↓↓↓
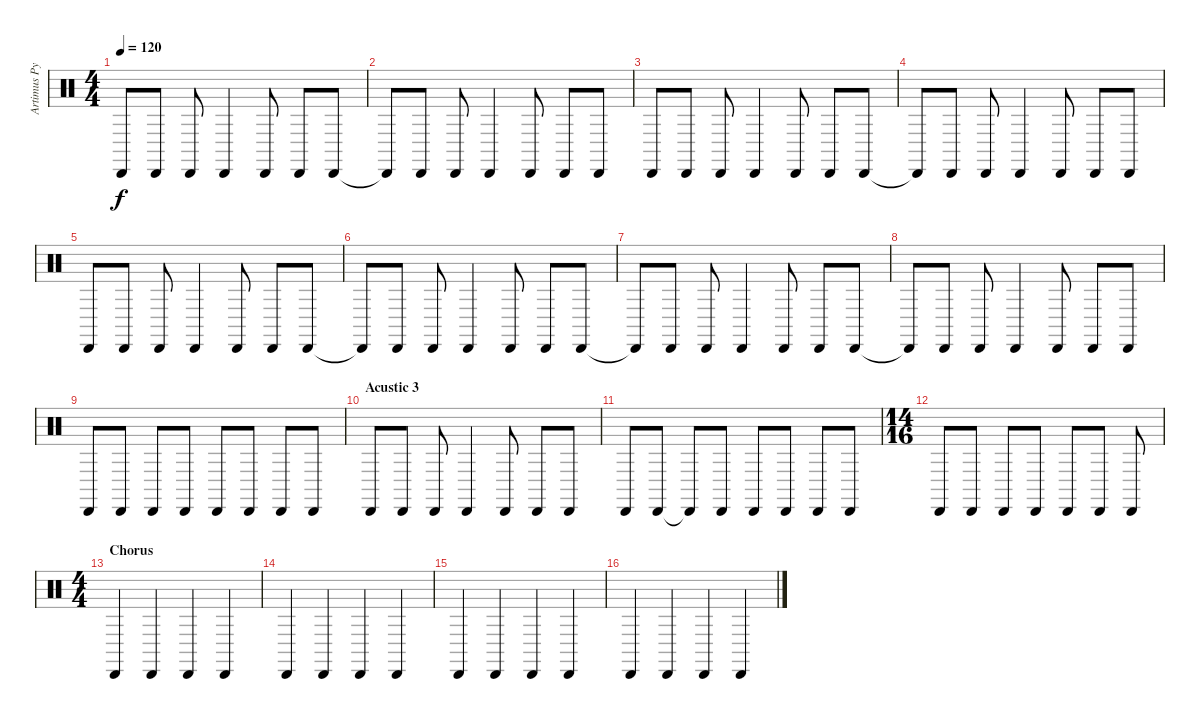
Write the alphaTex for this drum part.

\track ("Artimus Pyle" "Artimus Py") {instrument percussion}
\staff {score}
\articulation defaults
\ts (4 4)
\tempo 120
\clef neutral
\ks c "Cabasa (hit)"{t}.8{dy f} "Cabasa (hit)".8 "Cabasa (hit)".8 "Cabasa (hit)".4 "Cabasa (hit)".8 "Cabasa (hit)".8 "Cabasa (hit)".8
|
"Cabasa (hit)"{t}.8 "Cabasa (hit)".8 "Cabasa (hit)".8 "Cabasa (hit)".4 "Cabasa (hit)".8 "Cabasa (hit)".8 "Cabasa (hit)".8 |
"Cabasa (hit)".8 "Cabasa (hit)".8 "Cabasa (hit)".8 "Cabasa (hit)".4 "Cabasa (hit)".8 "Cabasa (hit)".8 "Cabasa (hit)".8 |
"Cabasa (hit)"{t}.8 "Cabasa (hit)".8 "Cabasa (hit)".8 "Cabasa (hit)".4 "Cabasa (hit)".8 "Cabasa (hit)".8 "Cabasa (hit)".8 |
"Cabasa (hit)".8 "Cabasa (hit)".8 "Cabasa (hit)".8 "Cabasa (hit)".4 "Cabasa (hit)".8 "Cabasa (hit)".8 "Cabasa (hit)".8 |
"Cabasa (hit)"{t}.8 "Cabasa (hit)".8 "Cabasa (hit)".8 "Cabasa (hit)".4 "Cabasa (hit)".8 "Cabasa (hit)".8 "Cabasa (hit)".8 |
"Cabasa (hit)"{t}.8 "Cabasa (hit)".8 "Cabasa (hit)".8 "Cabasa (hit)".4 "Cabasa (hit)".8 "Cabasa (hit)".8 "Cabasa (hit)".8 |
"Cabasa (hit)"{t}.8 "Cabasa (hit)".8 "Cabasa (hit)".8 "Cabasa (hit)".4 "Cabasa (hit)".8 "Cabasa (hit)".8 "Cabasa (hit)".8 |
"Cabasa (hit)".8 "Cabasa (hit)".8 "Cabasa (hit)".8 "Cabasa (hit)".8 "Cabasa (hit)".8 "Cabasa (hit)".8 "Cabasa (hit)".8 "Cabasa (hit)".8 |
\section ("" "Acustic 3")
"Cabasa (hit)".8 "Cabasa (hit)".8 "Cabasa (hit)".8 "Cabasa (hit)".4 "Cabasa (hit)".8 "Cabasa (hit)".8 "Cabasa (hit)".8 |
"Cabasa (hit)".8 "Cabasa (hit)".8 "Cabasa (hit)"{t}.8 "Cabasa (hit)".8 "Cabasa (hit)".8 "Cabasa (hit)".8 "Cabasa (hit)".8 "Cabasa (hit)".8 |
\ts (14 16)
"Cabasa (hit)".8 "Cabasa (hit)".8 "Cabasa (hit)".8 "Cabasa (hit)".8 "Cabasa (hit)".8 "Cabasa (hit)".8 "Cabasa (hit)".8 |
\ts (4 4)
\section ("" "Chorus")
"Cabasa (hit)".4 "Cabasa (hit)".4 "Cabasa (hit)".4 "Cabasa (hit)".4 |
"Cabasa (hit)".4 "Cabasa (hit)".4 "Cabasa (hit)".4 "Cabasa (hit)".4 |
"Cabasa (hit)".4 "Cabasa (hit)".4 "Cabasa (hit)".4 "Cabasa (hit)".4 |
"Cabasa (hit)".4 "Cabasa (hit)".4 "Cabasa (hit)".4 "Cabasa (hit)".4
↑↑↑
Pictures aside, print every line of the material exactly.

Write the alphaTex for this drum part.

\track ("Artimus Pyle" "Artimus Py") {instrument percussion}
\staff {score}
\articulation defaults
\ts (4 4)
\tempo 120
\clef neutral
\ks c "Cabasa (hit)"{t}.8{dy f} "Cabasa (hit)".8 "Cabasa (hit)".8 "Cabasa (hit)".4 "Cabasa (hit)".8 "Cabasa (hit)".8 "Cabasa (hit)".8
|
"Cabasa (hit)"{t}.8 "Cabasa (hit)".8 "Cabasa (hit)".8 "Cabasa (hit)".4 "Cabasa (hit)".8 "Cabasa (hit)".8 "Cabasa (hit)".8 |
"Cabasa (hit)".8 "Cabasa (hit)".8 "Cabasa (hit)".8 "Cabasa (hit)".4 "Cabasa (hit)".8 "Cabasa (hit)".8 "Cabasa (hit)".8 |
"Cabasa (hit)"{t}.8 "Cabasa (hit)".8 "Cabasa (hit)".8 "Cabasa (hit)".4 "Cabasa (hit)".8 "Cabasa (hit)".8 "Cabasa (hit)".8 |
"Cabasa (hit)".8 "Cabasa (hit)".8 "Cabasa (hit)".8 "Cabasa (hit)".4 "Cabasa (hit)".8 "Cabasa (hit)".8 "Cabasa (hit)".8 |
"Cabasa (hit)"{t}.8 "Cabasa (hit)".8 "Cabasa (hit)".8 "Cabasa (hit)".4 "Cabasa (hit)".8 "Cabasa (hit)".8 "Cabasa (hit)".8 |
"Cabasa (hit)"{t}.8 "Cabasa (hit)".8 "Cabasa (hit)".8 "Cabasa (hit)".4 "Cabasa (hit)".8 "Cabasa (hit)".8 "Cabasa (hit)".8 |
"Cabasa (hit)"{t}.8 "Cabasa (hit)".8 "Cabasa (hit)".8 "Cabasa (hit)".4 "Cabasa (hit)".8 "Cabasa (hit)".8 "Cabasa (hit)".8 |
"Cabasa (hit)".8 "Cabasa (hit)".8 "Cabasa (hit)".8 "Cabasa (hit)".8 "Cabasa (hit)".8 "Cabasa (hit)".8 "Cabasa (hit)".8 "Cabasa (hit)".8 |
\section ("" "Acustic 3")
"Cabasa (hit)".8 "Cabasa (hit)".8 "Cabasa (hit)".8 "Cabasa (hit)".4 "Cabasa (hit)".8 "Cabasa (hit)".8 "Cabasa (hit)".8 |
"Cabasa (hit)".8 "Cabasa (hit)".8 "Cabasa (hit)"{t}.8 "Cabasa (hit)".8 "Cabasa (hit)".8 "Cabasa (hit)".8 "Cabasa (hit)".8 "Cabasa (hit)".8 |
\ts (14 16)
"Cabasa (hit)".8 "Cabasa (hit)".8 "Cabasa (hit)".8 "Cabasa (hit)".8 "Cabasa (hit)".8 "Cabasa (hit)".8 "Cabasa (hit)".8 |
\ts (4 4)
\section ("" "Chorus")
"Cabasa (hit)".4 "Cabasa (hit)".4 "Cabasa (hit)".4 "Cabasa (hit)".4 |
"Cabasa (hit)".4 "Cabasa (hit)".4 "Cabasa (hit)".4 "Cabasa (hit)".4 |
"Cabasa (hit)".4 "Cabasa (hit)".4 "Cabasa (hit)".4 "Cabasa (hit)".4 |
"Cabasa (hit)".4 "Cabasa (hit)".4 "Cabasa (hit)".4 "Cabasa (hit)".4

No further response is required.